Yeni evlenen çiftlerin mutlu bir yuva kurmaları ve mutluluklarını başarı ile sürdürebilmeleri, aşılması ve başarılması gereken sayısız problemlerle yüklüdür.
Sürücü belgesi almak isteyen bir gencin önündeki kurslar, dersler ve eğitimler başlı başına aşılması gereken problemler topluluğudur.
Örnekleri çoğaltabiliriz. Eğer, söz konusu vazifeler gerektiği sabırla, kararlılık ve istikrarla, ustalara ve hocalara itaat ve saygı ile, bilgi, güç ve yeteneklerimizi hakkıyla kullanarak yapılırsa; ustalaşma yolundaki problemler başarı ile çözülür ve hak edilen diploma veya sertifikalar alınır. Bu süreçler olumlu anlamda devam ederse, kişinin ömür boyu gelişme, ilerleme, ustalaşma ve sorun çözme güç ve yeteneği de o ölçüde gelişir.
Halbuki, günlük yaşantımızda bırakalım büyük başarıları, yaşamamız için zorunlu olan en küçük bir eylemle dahi baş edemeyen insanları görebiliriz. Bunlar hayatın her aşamasında başarısızdırlar. Kendilerine göre başarısızlıkların güya kaliteli bahaneler üreterek örtmeye çalışırlar.
Neden başaramadıkları sorulduğu zaman bahaneleri hazırdır: Sistem bozuktur, hoca notunu kırmıştır, cihazlar iyi değildir, hükümet istikrarsızdır, vakit yoktur, fırsat verilmemiştir, hakkı yenmiştir. Bu tür bahaneler kendisinin ürettiği başarı engelleyici eylemlerdir. Bir de kendisinin farkında olmadığı veya kabullenmediği, tembellik, isteksizlik, çabuk cayma, kararsızlık, istikrarsızlık, işe eğilmeme, sürekli erteleme, suçlu arama, suçlama, kıskançlık, inatçılık, ben bilirimcilik vb. gibi kaliteli yaşam hırsızları vardır.
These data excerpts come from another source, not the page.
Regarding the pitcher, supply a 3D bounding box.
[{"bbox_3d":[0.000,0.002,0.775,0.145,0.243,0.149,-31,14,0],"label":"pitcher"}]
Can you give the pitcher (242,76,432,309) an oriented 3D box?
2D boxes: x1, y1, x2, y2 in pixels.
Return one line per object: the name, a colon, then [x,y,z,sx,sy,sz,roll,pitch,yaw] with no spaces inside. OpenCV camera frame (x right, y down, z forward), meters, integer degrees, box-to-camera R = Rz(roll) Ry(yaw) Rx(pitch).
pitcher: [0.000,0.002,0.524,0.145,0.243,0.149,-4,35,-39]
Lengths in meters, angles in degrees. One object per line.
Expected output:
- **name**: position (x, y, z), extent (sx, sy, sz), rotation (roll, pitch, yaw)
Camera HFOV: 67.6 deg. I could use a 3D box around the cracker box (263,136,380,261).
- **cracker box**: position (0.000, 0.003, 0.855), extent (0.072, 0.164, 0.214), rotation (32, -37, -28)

Bizim için asıl problem, kendi ellerimizle üretip, besleyip, semizleştirerek sonra da hakkından gelmenin oldukça zor olduğu, hatta bazen de hakkından gelme vakti geçtiği için, sağlığımıza ve kaliteli yaşamımıza mal olan problemlerdir.
ŞÖYLE Kİ:
- Tembellik yaparak günlük yapmamız gereken rutin ve basit işlerin zamanında yapılmaması, ilerleyen zamanlarda korkunç bir sorunlar yumağı olarak karşımıza çıkar. Dişlerimizin her gün dişi ipi ve fırçalama yöntemiyle bakımının yapılmaması ile, diş çürüklerine, diş kayıplarına ve 24 saat mideye ve diğer iç organlara mikrop nakliyle akla hayale gelmeyen sorunları kendi ellerimizle üretmiş oluruz. Katlanılamayan ağız kokusu ve etrafımızdan kaçan insanların bizim hakkımızdaki olumsuz düşünceleri de işin cabası…
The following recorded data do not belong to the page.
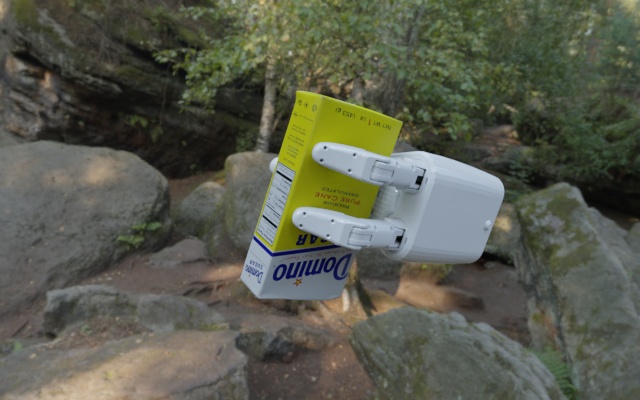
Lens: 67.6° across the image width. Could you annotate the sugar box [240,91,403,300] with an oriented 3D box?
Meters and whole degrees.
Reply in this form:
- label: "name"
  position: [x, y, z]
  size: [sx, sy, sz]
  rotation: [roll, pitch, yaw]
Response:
- label: "sugar box"
  position: [0.001, 0.001, 0.419]
  size: [0.093, 0.176, 0.048]
  rotation: [9, 13, -36]

- Yarın yaparım yaklaşımı ile sürekli ertelenen ve ötelenen en basit işler dahi, biriktirilme sonucu altından kalkılamaz bir sorunlar yumağı haline gelir. Hele bir de mevcut günün beklenmeyen aksilik ve olumsuzlukları da üstüne eklendiği zaman, problem azgın bir yırtıcı hayvana dönüşür.
- Trafik kurallarına uyulmayarak, başarı ile bitirilmesi gereken bir yolculuğu riske atıp, heyecan ve gençlik iksiri fışkırması nedeniyle kazaya dönüştürülmesi, aksi veya kör şeytanın işi falan değil, kişinin kendi problem üretici yeteneği sonucudur.
- Terörist gıdalarla beslenerek, spor ve egzersiz yapmayarak, sigara, alkol ve madde kullanarak, sürekli kaliteli yaşam hırsızları ile kucak kucağa yaşayarak, kaliteli yaşamını kendi elleriyle riske atan kişilerin irili ufaklı sağlık problemleriyle karşılaşmaları sürpriz olmasa gerektir. Burada, haşa Allah’ın veya kaderin asla kusuru yoktur. Kendim ettim kendim buldum şarkısı boşuna üretilmemiş olsa gerektir.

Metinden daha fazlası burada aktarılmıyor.